Dr. Cheng Da Granted Funding via NASA’s Early Career Investigator Program in Earth Science
3.28.2024
In February 2024, Dr. Cheng Da from the ocean assimilation group at the GMAO, was selected as part of NASA’s Early Career Investigator Program in Earth Science (Element A.39 of ROSES-2023). His proposal aims to improve analyses of the integrated Earth system by using strongly coupled, non-Gaussian data assimilation of NASA IMERG precipitation, with particular attention to the variables near the air-sea interface.
“Direct assimilation of precipitation retrievals has generally been limited to atmosphere models, while not applied so commonly in ocean or land models. Unlike the atmospheric model, where surface precipitation is a diagnostic variable, precipitation over the ocean and land serves as a major forcing for those uncoupled models.” Cheng said. “One unique aspect of this proposal is that, by using a strongly coupled data assimilation approach with the Ensemble Kalman Filter and a coupled system we can directly assimilate precipitation into the near-surface ocean layer, to improve its analysis by taking advantage of ensemble error covariance for cross-domain variables.”
Previously, Cheng developed a data assimilation testbed for a coupled quasi-geostrophic atmosphere-ocean model. He systematically compared the performance of different coupled assimilation strategies for both ensemble and variational assimilation methods. Cheng stated that during the research leading to the development of this testbed, he “found that while weakly and strongly coupled approaches generate atmosphere analysis with similar accuracy, the strongly coupled approach can significantly improve the ocean analysis. We also found that strongly coupled ensemble Kalman Filter has a similar accuracy as strongly coupled 4D-Var, and that both are both more accurate than the ‘outer-loop coupling’ approach adopted by the most state-of-the-art coupled analysis CERA, generated by the European Centre for Medium-Range Weather Forecasts. That is why we want to adopt the strongly coupled approach in our proposal.”

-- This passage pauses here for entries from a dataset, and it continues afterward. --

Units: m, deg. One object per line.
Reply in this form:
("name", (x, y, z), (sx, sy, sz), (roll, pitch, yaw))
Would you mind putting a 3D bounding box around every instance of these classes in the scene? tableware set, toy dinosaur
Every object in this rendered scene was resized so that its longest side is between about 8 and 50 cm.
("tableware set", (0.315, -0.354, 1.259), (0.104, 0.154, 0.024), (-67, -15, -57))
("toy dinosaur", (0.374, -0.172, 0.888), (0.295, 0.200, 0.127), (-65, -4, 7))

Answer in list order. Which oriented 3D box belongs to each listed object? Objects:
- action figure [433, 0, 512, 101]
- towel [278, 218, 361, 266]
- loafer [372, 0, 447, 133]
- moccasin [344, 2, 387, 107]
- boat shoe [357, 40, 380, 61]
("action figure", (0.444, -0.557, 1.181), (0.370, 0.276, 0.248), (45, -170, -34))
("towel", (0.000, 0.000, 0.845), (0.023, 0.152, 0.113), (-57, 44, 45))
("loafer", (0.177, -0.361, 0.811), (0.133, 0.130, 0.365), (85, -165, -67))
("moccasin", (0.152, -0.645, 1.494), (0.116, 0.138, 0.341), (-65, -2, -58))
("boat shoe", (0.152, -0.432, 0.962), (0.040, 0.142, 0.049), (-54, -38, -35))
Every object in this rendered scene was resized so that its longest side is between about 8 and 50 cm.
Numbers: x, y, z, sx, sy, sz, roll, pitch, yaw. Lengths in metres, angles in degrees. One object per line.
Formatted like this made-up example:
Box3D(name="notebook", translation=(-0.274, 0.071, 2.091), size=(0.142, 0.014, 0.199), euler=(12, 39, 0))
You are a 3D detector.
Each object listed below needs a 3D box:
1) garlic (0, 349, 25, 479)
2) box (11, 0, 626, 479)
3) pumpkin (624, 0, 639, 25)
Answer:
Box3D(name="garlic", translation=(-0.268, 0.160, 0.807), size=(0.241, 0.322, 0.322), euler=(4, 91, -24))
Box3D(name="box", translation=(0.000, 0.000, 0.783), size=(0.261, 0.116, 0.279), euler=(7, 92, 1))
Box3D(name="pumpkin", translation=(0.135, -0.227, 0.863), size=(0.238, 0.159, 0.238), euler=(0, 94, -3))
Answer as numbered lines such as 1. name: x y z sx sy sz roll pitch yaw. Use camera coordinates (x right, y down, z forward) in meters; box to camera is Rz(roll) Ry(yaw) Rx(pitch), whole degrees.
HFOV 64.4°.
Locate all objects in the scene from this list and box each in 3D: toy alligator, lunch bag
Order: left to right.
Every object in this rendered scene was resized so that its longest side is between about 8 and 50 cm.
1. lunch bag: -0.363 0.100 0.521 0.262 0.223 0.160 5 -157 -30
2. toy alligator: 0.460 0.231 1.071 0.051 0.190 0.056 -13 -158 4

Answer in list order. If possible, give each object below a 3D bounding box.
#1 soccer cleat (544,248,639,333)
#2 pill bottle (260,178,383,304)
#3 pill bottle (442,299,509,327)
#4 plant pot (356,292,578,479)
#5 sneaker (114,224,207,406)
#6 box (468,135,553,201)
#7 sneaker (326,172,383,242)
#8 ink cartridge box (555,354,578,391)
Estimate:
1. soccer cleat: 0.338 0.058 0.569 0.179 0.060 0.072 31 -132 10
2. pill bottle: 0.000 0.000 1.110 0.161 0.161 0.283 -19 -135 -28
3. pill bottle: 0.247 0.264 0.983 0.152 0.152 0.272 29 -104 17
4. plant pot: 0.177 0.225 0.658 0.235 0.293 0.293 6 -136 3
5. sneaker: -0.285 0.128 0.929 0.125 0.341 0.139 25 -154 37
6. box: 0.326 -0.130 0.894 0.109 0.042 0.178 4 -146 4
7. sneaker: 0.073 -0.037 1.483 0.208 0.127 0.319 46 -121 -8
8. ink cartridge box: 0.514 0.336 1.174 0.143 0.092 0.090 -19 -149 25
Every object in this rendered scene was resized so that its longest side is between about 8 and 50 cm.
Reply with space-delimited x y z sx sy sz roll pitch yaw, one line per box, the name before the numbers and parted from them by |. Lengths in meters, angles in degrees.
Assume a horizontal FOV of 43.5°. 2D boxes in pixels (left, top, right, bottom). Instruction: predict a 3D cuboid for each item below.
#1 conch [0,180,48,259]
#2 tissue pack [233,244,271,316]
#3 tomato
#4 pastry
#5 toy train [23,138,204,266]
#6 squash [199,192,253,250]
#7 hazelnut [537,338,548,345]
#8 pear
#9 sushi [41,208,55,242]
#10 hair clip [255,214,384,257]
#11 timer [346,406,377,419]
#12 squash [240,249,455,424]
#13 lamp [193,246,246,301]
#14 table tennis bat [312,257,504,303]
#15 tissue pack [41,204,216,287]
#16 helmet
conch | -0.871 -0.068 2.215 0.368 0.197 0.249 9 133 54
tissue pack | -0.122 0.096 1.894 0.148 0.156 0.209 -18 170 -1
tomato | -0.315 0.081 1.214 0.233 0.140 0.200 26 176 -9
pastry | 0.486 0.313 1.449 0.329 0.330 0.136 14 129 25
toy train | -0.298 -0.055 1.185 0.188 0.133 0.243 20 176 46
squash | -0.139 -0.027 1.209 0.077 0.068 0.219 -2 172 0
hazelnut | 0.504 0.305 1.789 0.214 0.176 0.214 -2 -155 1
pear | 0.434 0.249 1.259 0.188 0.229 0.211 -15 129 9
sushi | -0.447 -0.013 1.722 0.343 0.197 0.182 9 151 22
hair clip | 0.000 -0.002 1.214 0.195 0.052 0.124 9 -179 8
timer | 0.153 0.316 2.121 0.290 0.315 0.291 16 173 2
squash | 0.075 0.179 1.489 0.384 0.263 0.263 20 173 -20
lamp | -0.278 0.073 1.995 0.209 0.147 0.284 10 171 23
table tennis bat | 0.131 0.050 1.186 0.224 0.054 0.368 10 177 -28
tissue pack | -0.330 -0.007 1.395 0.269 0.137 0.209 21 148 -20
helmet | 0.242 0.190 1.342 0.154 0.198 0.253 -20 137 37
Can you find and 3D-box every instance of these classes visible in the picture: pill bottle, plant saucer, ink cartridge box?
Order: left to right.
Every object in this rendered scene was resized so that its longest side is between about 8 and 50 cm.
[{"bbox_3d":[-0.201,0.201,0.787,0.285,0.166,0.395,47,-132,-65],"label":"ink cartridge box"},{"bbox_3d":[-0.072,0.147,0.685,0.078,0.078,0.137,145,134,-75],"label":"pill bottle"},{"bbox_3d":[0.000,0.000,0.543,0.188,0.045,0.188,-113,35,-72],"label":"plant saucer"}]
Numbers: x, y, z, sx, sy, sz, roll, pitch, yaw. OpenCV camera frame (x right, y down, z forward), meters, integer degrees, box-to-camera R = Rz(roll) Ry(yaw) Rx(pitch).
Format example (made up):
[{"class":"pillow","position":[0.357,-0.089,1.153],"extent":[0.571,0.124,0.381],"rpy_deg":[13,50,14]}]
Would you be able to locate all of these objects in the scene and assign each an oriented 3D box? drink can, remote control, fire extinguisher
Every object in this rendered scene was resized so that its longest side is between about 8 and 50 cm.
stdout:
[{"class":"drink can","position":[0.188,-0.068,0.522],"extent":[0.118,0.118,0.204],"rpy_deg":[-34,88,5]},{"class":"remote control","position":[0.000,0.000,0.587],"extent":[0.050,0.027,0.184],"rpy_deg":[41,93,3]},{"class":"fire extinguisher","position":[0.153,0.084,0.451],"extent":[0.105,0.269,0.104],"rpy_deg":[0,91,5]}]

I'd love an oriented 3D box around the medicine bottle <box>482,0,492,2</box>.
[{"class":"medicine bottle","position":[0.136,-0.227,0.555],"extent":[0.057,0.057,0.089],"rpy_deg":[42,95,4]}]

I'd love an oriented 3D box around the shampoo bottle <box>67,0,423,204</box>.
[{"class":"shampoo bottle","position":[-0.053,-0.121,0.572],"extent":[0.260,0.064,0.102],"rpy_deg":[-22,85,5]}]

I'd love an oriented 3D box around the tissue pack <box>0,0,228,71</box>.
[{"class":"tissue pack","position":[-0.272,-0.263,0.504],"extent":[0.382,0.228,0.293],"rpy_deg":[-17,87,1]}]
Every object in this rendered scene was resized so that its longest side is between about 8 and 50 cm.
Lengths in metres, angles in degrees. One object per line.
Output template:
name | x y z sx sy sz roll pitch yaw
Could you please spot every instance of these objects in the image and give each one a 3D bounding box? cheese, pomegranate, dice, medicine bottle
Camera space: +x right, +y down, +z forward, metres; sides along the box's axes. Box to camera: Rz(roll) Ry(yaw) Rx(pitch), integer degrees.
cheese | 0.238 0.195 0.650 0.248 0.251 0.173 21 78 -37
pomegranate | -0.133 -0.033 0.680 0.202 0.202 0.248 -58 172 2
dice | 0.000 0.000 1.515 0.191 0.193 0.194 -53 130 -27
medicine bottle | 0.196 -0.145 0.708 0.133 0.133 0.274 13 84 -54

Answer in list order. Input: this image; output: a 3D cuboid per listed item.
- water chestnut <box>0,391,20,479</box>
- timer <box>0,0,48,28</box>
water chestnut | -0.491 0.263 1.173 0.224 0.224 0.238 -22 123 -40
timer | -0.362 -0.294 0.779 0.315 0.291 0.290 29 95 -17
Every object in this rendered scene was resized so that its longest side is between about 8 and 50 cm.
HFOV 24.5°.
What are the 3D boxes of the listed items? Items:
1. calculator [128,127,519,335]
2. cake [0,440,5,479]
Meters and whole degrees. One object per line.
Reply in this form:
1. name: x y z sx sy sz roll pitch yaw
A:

Besides the findings of the research itself, this proposal includes an educational component: creating more open-science computational projects on numerical weather prediction and data assimilation. “I am very grateful to my Ph.D. advisor, Professor Eugenia Kalnay, who always has a tremendous passion for teaching, especially sharing the latest research results with us students,” Cheng said. “She is also very open that she posted all the learning materials for data assimilation on her website. I learned data assimilation even before I became her student. I will do the same thing to help others.”